Fairchance, in addition to being the named bloodline, was also the namesake to the home planet and solar system in which humanity first dispersed from in this part of the universe. Galven and Millenia were the other star systems in the Echo Suite, but they were much farther away. In fact, Fairchance was the only system that could be reached in under a century, only three years had to be dedicated to a one way trip. Despite this, Galven and Millenia were confirmed to feature intelligent life based on the centuries-old broadcasts being received from those regions of space.

“Odd,” Jonathan muttered to himself, his voice scratchy from disuse. Resigning himself to seeking alternate options, he began typing more briskly, his goal for now being to get somewhere and figure out the issue upon arrival.

He scanned for the closest habitable planet, Ugry, which was Bessinger’s twin. Both bodies were locked within the same orbit around the host star – almost a half-year apart in rotation.

“PLANETARY DESTINATION NOT FOUND.”

Concern grew stronger as Jonathan did another search. He considered doing a scan for a third object – a planetoid – that was locked in orbit between Bessinger and Ugry. This planetoid once went by the name of Kokaria, but became colonized after an alliance between Bessinger and Ugry was formed a century earlier. These settlers ran the native Kokarian race underground as the colonist’s infrastructure grew. The settlement eventually became home to mountains of server stacks used as off-world data storage for the planetary system. And the planetoid took on the name CIN – an acronym for Central Interplanetary Network.

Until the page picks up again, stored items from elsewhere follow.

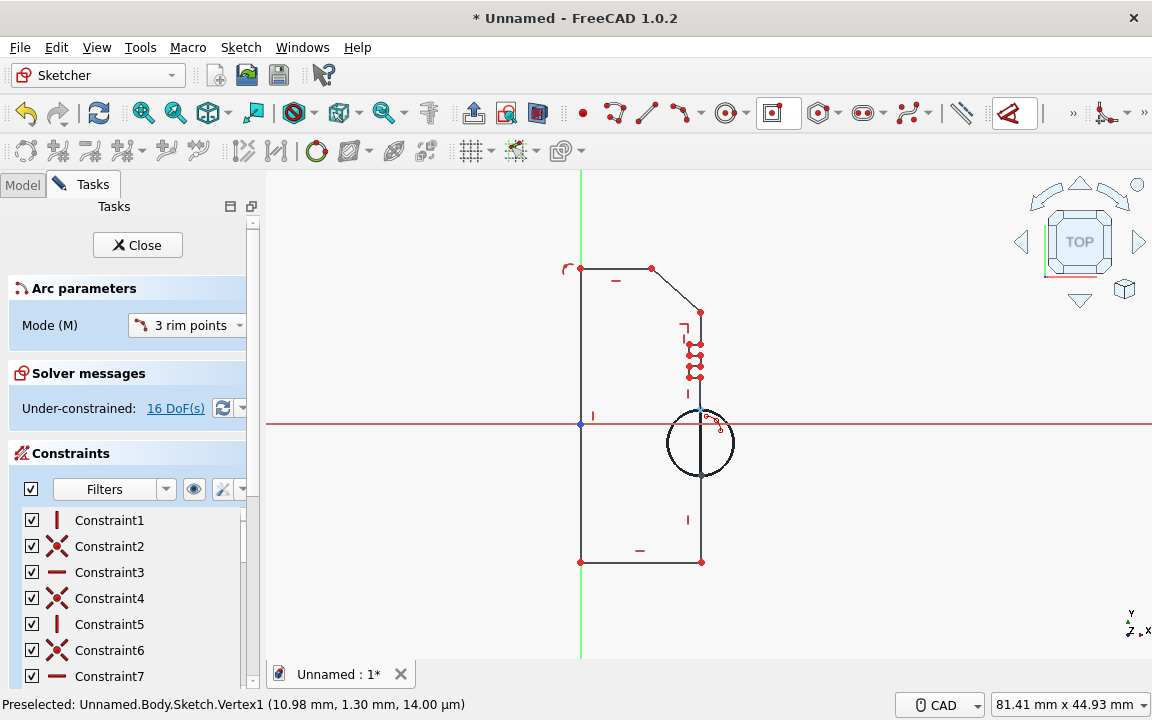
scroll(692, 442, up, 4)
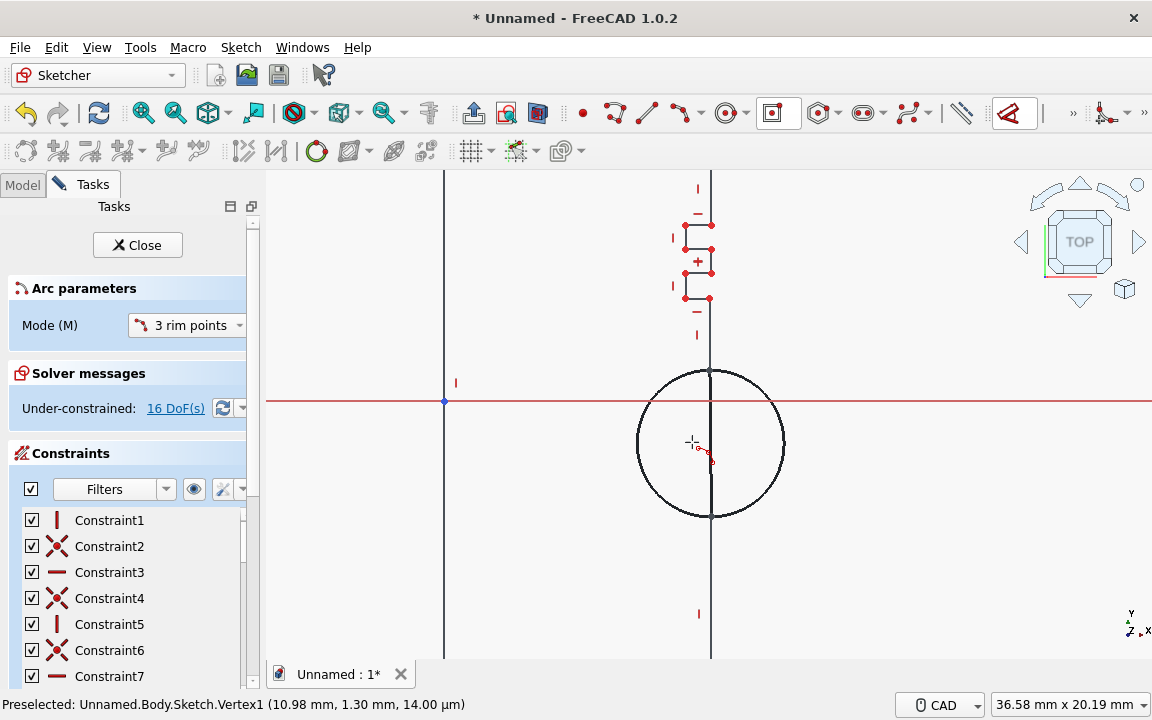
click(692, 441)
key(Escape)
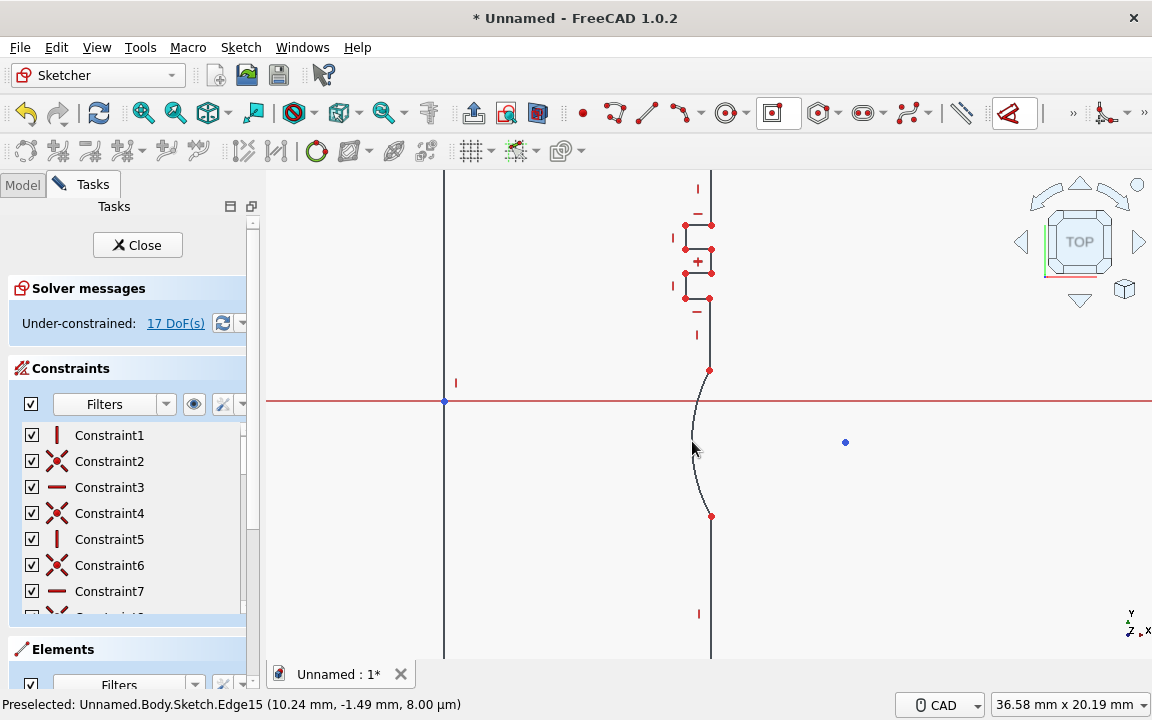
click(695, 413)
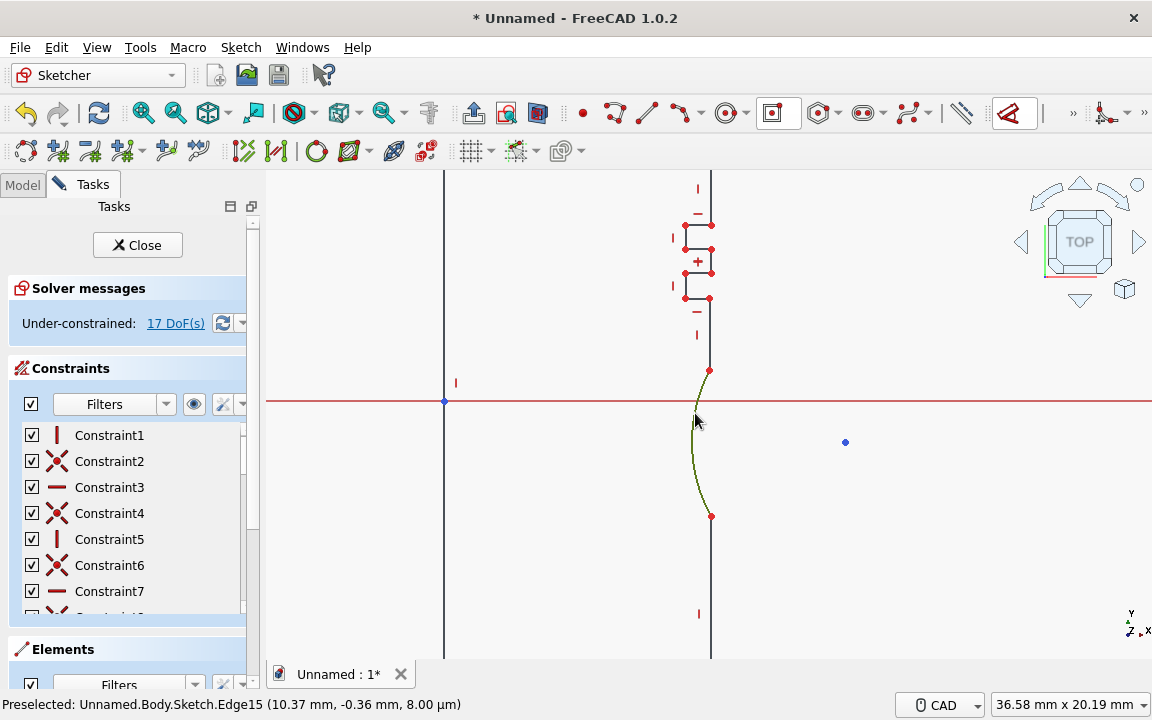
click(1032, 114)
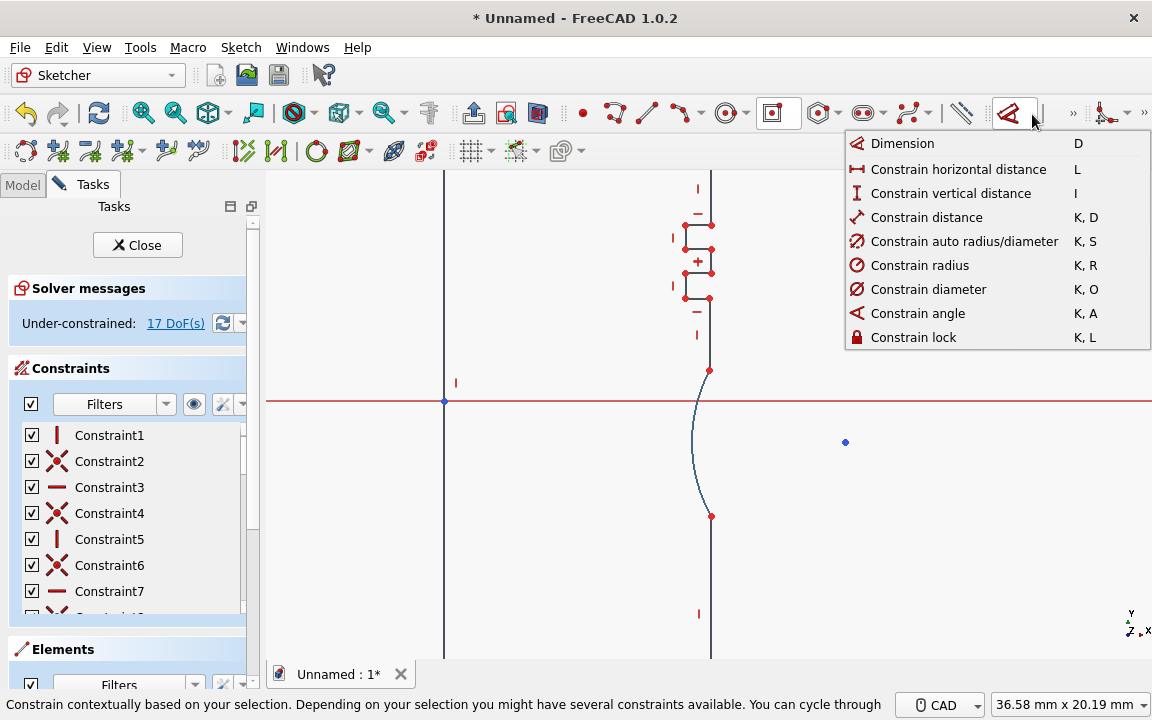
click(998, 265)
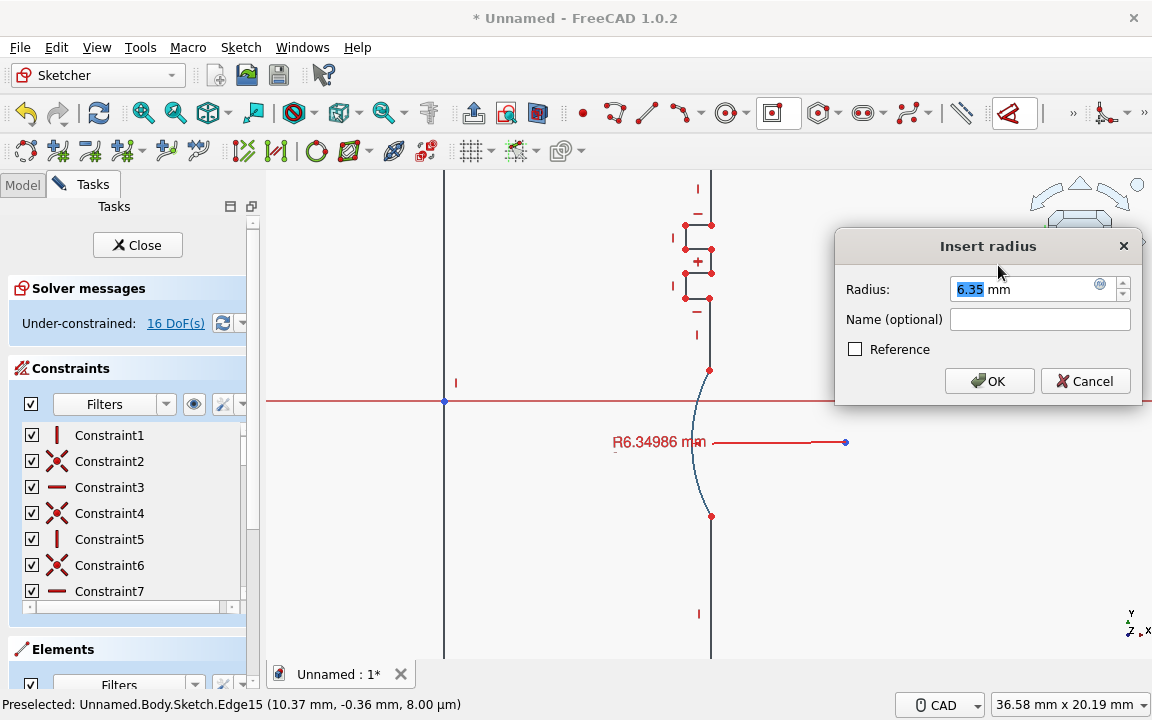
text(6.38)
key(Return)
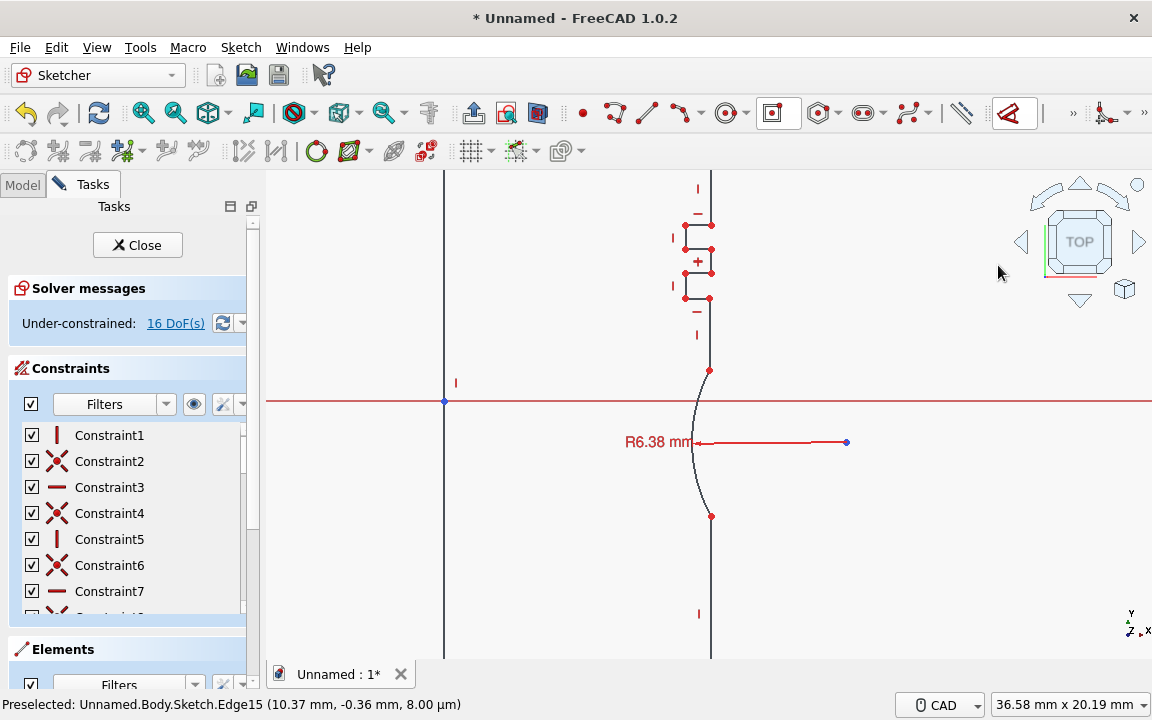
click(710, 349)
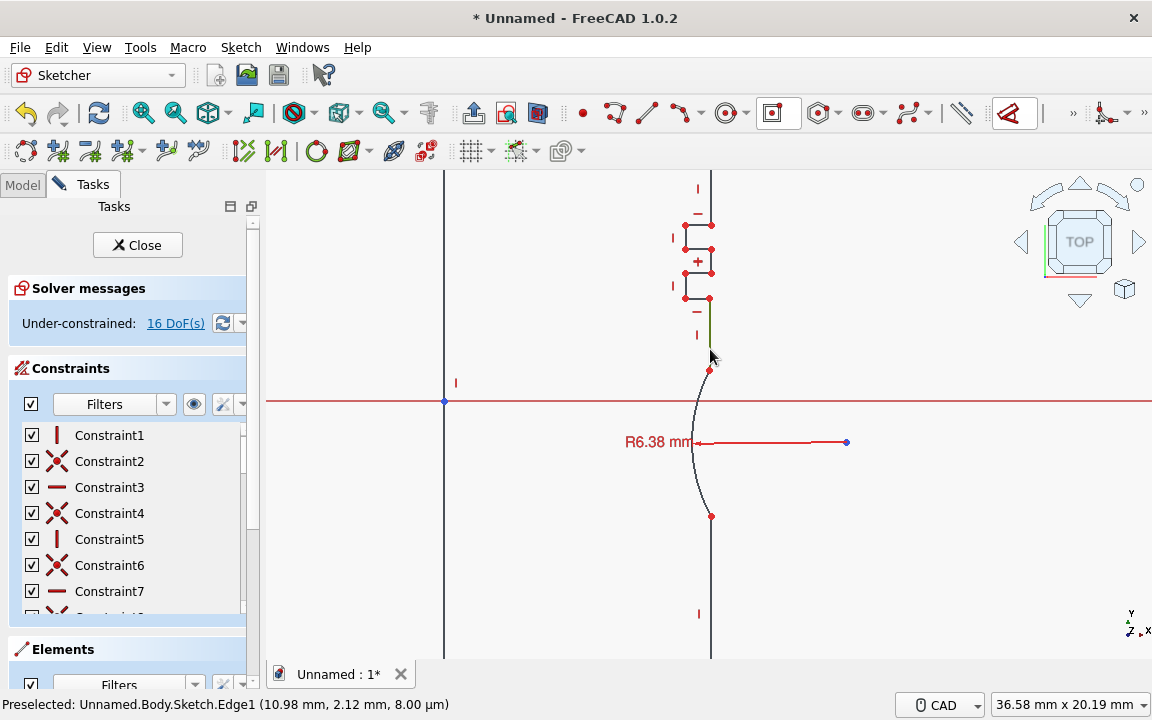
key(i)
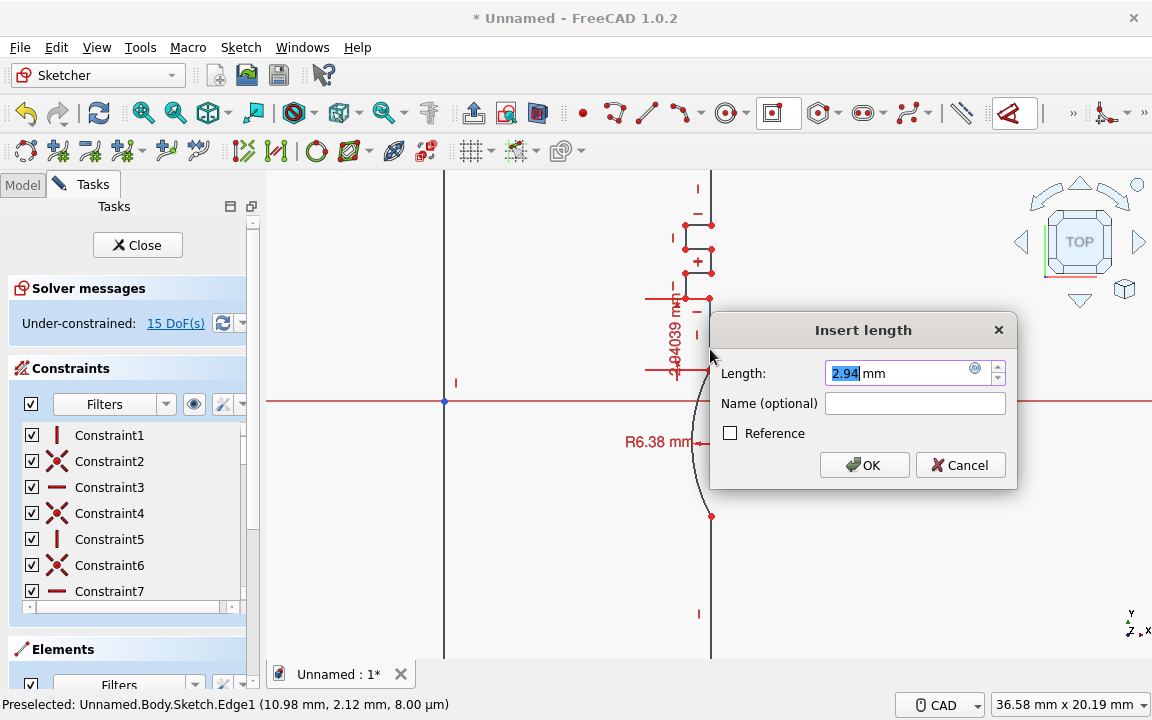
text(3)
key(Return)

At the time of Jonathan’s departure, there were rumblings that CIN would be put under military rule as tensions between Ugry’s and Bessinger’s governments slowly escalated. The nearly six years of absence from this part of the Echo Suite had kept him out of the loop of current events. He finally decided to save CIN as a last resort, if no other world was discoverable.

After that, he typed in a query for the coordinates of the final populated planet in the Mako Belt. The blip on the terminal displayed the coordinates almost instantly, which gave Jonathan a glimmer of hope when he punched in the next command.

“SET DESTINATION: MUTINELLIS” Jonathan typed into the navigation terminal. An uncomfortably long lag followed the command, which prompted Jonathan to consider CIN as an option again. Still not keen on that option, he also began thinking about a way to manually navigate the ship to Bessinger. But he quickly recalled that this class of ship was not steerable and relied solely on intergalactic navigation systems to guide it to its destination.

A sigh of relief escaped him when the screen prompted “SET COURSE FOR MUTINELLIS?” in a reassuring green color. “MODIFY COURSE?”

“Yes,” Jonathan spoke aloud as he simultaneously clicked the option. The computer acknowledged the command, putting an end to his dilemma for now. He tilted his head back in relief and the building panic ceased. There were still many questions to be answered, but, for now, he found solace in the fact that he had a starting point on the ground.